THE Electricity Company of Ghana (ECG) has joined the Volta River Authority (VRA) in its latest demand for payment of higher tariffs by the Ghanaian consumer.
It said the demand for higher cost of electric power had become necessary, since the government was not in a position to provide adequately for the company to replace its obsolete equipment.
Top officials of the company told the Daily Graphic in Accra yesterday that a proposal was sent to the Public Utilities Regulatory Commission (PURC) in October 2009, adding that that was in fulfilment of a 60-day notice it was supposed to give to the regulatory authority to enable it to make an input and give approval.
Without giving in percentage terms how much the ECG would want to charge, the Managing Director (MD), Mr Cephas Gakpo, said the company could only do that after an approval had been given by the PURC.
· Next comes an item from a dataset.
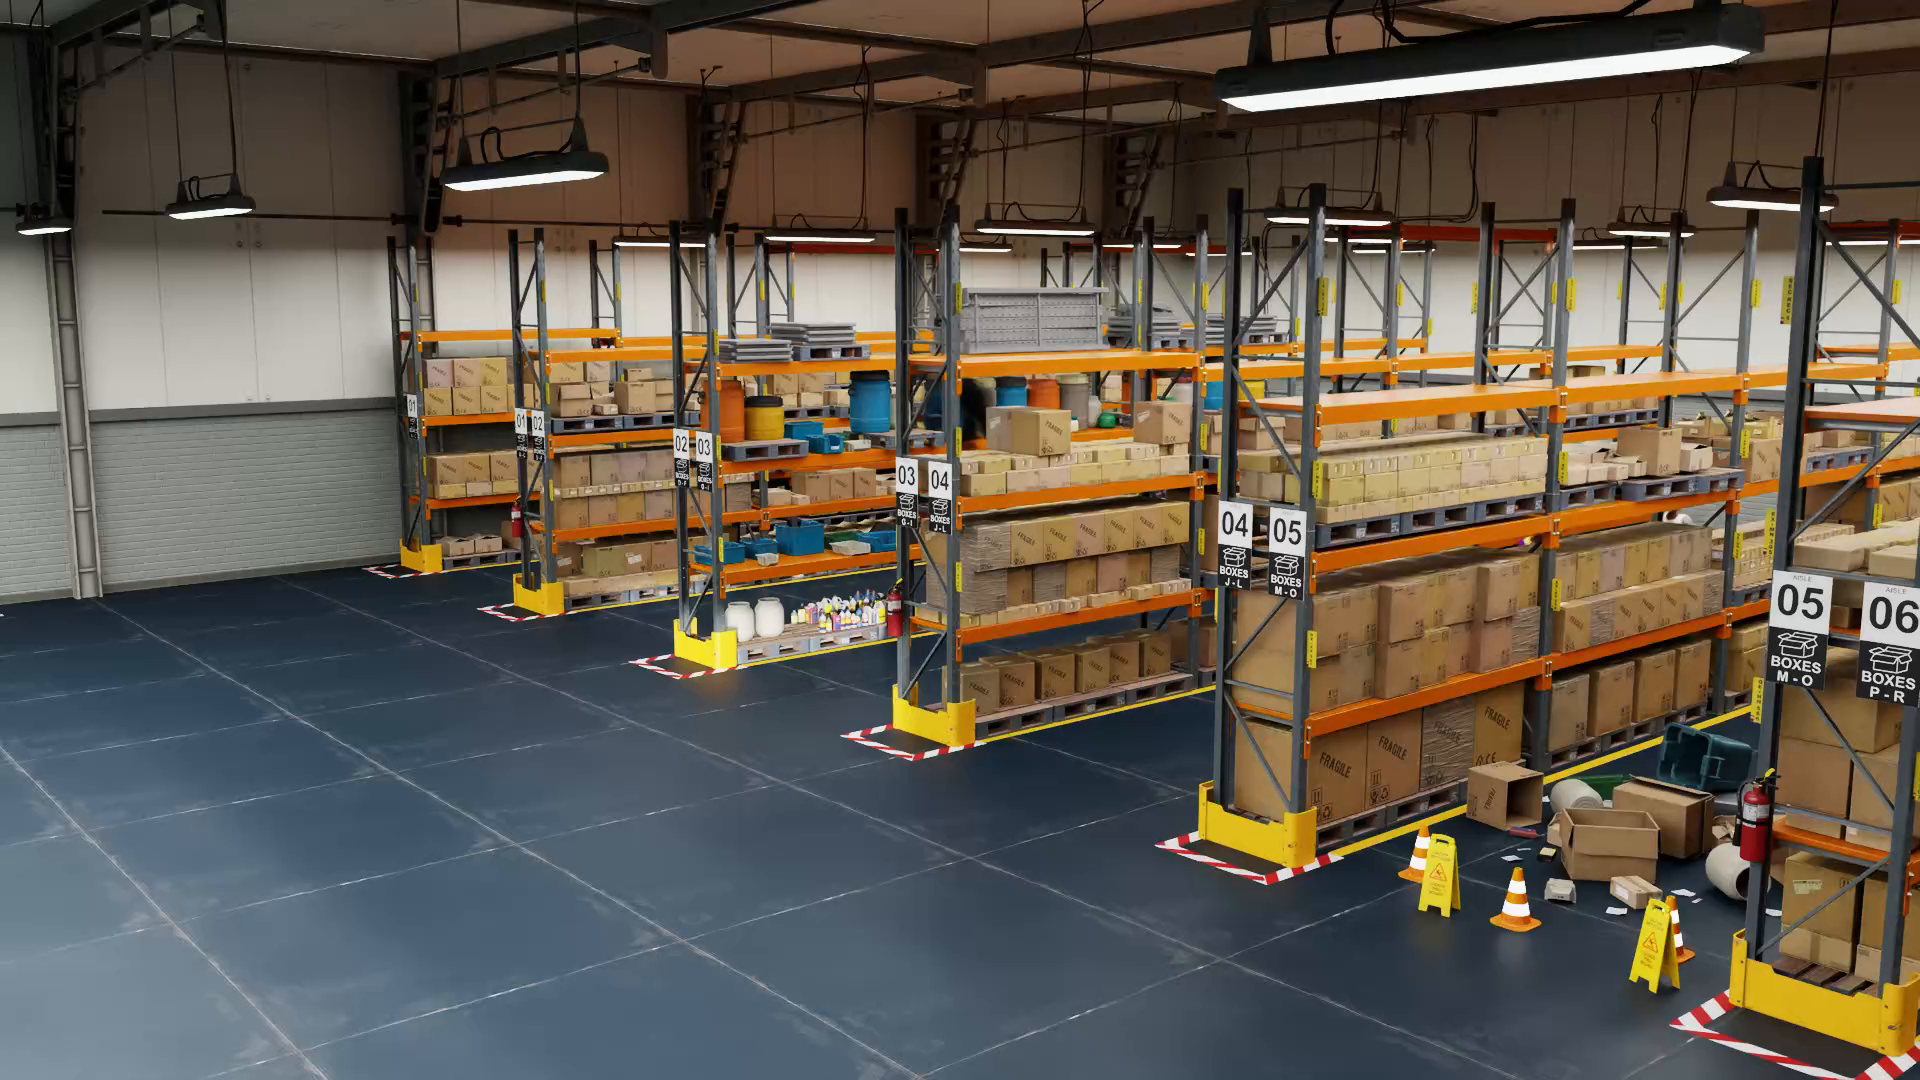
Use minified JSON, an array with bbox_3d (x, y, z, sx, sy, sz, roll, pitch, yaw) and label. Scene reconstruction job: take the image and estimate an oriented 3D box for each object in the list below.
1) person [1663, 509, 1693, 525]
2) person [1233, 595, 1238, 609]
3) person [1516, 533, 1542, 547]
[{"bbox_3d":[11.437,0.205,26.593,0.860,1.804,0.676,-7,11,-39],"label":"person"},{"bbox_3d":[4.605,0.204,26.844,0.612,1.747,0.806,8,12,41],"label":"person"},{"bbox_3d":[8.350,0.587,24.115,0.703,1.820,0.833,8,12,43],"label":"person"}]

He explained that as things stood now, the company would need the support of the public to understand the need for them to make some sacrifices to ensure that the system for transmitting power to various areas was saved from total collapse.
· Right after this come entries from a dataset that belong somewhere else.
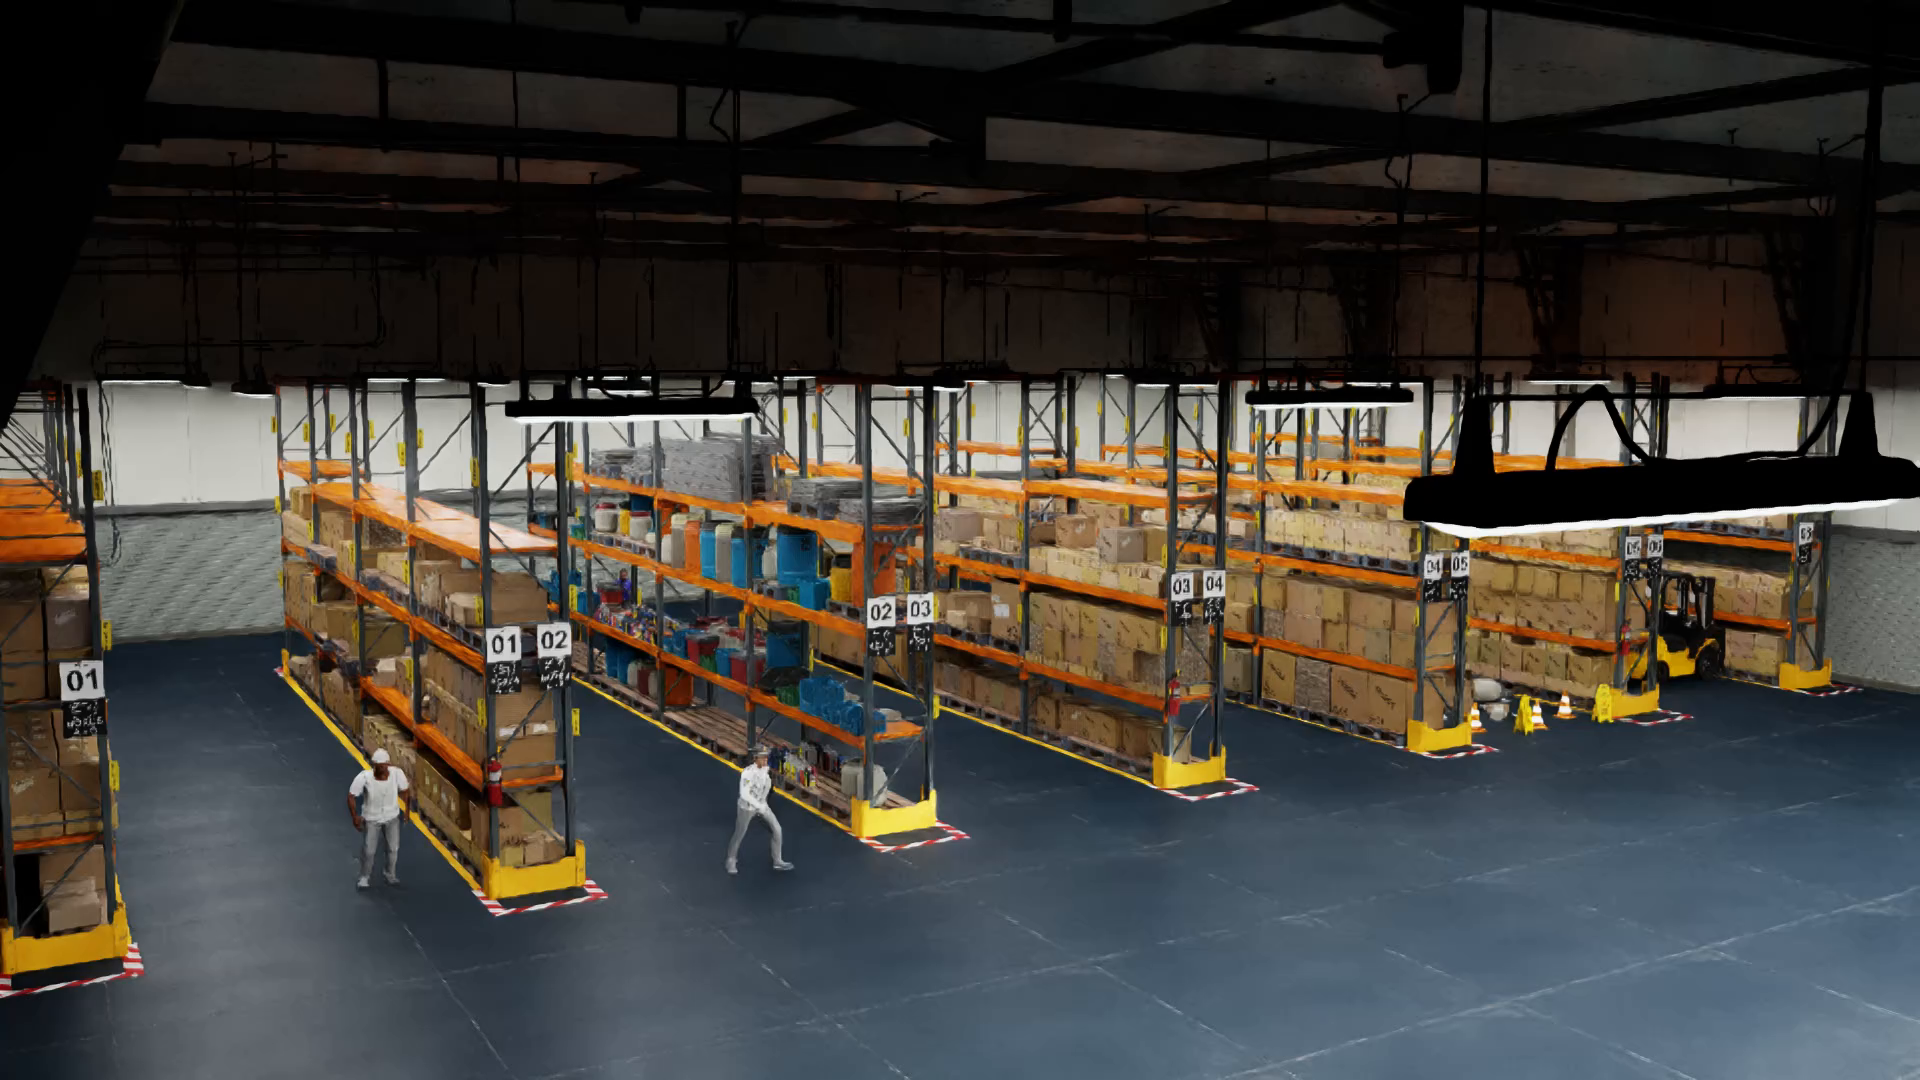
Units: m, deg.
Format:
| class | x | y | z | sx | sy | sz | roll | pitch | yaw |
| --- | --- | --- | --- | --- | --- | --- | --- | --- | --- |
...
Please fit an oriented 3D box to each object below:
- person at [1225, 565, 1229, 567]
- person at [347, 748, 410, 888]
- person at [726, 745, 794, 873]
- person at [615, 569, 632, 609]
| class | x | y | z | sx | sy | sz | roll | pitch | yaw |
| --- | --- | --- | --- | --- | --- | --- | --- | --- | --- |
| person | 5.792 | 1.428 | 36.601 | 0.643 | 1.773 | 0.673 | -1 | 6 | -6 |
| person | -6.931 | 3.317 | 19.879 | 0.719 | 1.713 | 0.578 | -4 | 7 | -31 |
| person | -2.521 | 3.290 | 20.455 | 0.771 | 1.618 | 0.640 | 5 | 8 | 40 |
| person | -7.629 | 1.479 | 37.596 | 0.447 | 1.460 | 1.088 | -3 | 7 | -27 |
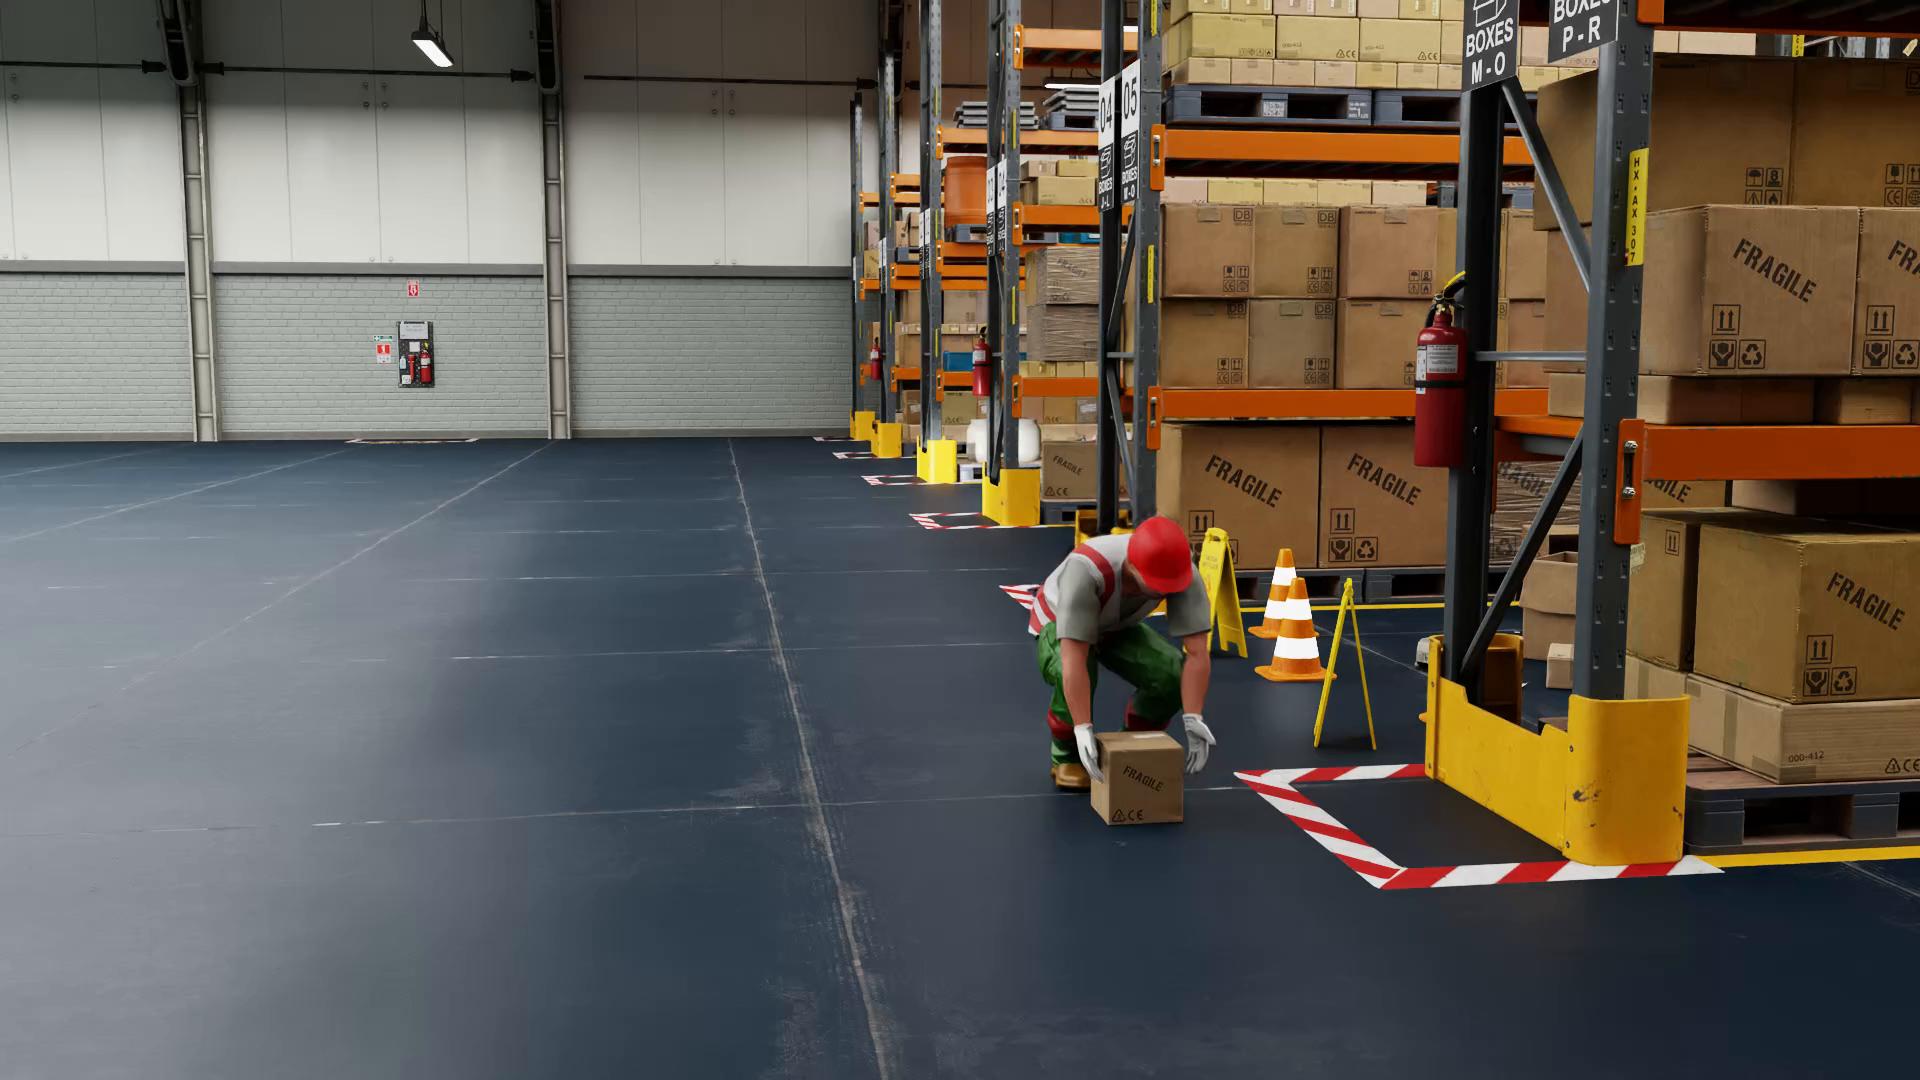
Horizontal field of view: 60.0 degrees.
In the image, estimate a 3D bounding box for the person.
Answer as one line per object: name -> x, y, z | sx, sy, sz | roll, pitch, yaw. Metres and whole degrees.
person -> 0.556, 0.379, 5.805 | 0.568, 0.994, 0.877 | -1, 7, -12

He drew the attention of the public to the fact that “supply reliability has become compromised”, adding that the problems could be seen through frequent outages, interruptions, as well as low voltage in many parts of the country.
For its part, the VRA, on February 4, 2010, said the 2007 tariffs were out of date, since inflation had gone up and the cedi had also depreciated against the dollar over the years.
Adding his voice to the demand by the VRA, Mr Gakpo said the ECG was facing difficult times due to the continuous rise in crude oil prices, as well as the depreciation of the cedi against the dollar, adding that the situation had made the little gain the company made when tariffs were increased in 2007 irrelevant.
He, therefore, called on the public to support the management of the ECG to raise enough revenue.
Throwing more light on the issue, the MD noted that the same amount of money which was used to purchase 13 units of power in 2007 could currently be used for only eight units, adding that the company lost GH¢10 million in 2009 through under recovery.
He also pointed out that a lot of the equipment being used by the company to transmit power was too old and needed to be replaced, explaining that the situation had deteriorated to the extent that equipment which needed to be used as reserve to support others when there was a fault was all being used at the same time.
Mr Gakpo said there was also the need for the expansion of ECG’s operations, considering the fact that its consumer rate was growing at seven per cent per year, adding that the capacity of the equipment should double within the next 10 years, else it would fail to serve the people.
He said in addition to the low tariffs, other challenges the company was facing were the failure of some two million consumers to pay their bills, illegal connections and power by-pass which accounted for about 13 per cent of power sold out, in addition to 12 per cent loss through what he termed “technical losses”.
The MD said the ECG had put in place measures to collect all its debts but he was quick to add that even if all its debtors paid their debt, the amount would not be enough to solve the existing financial problem.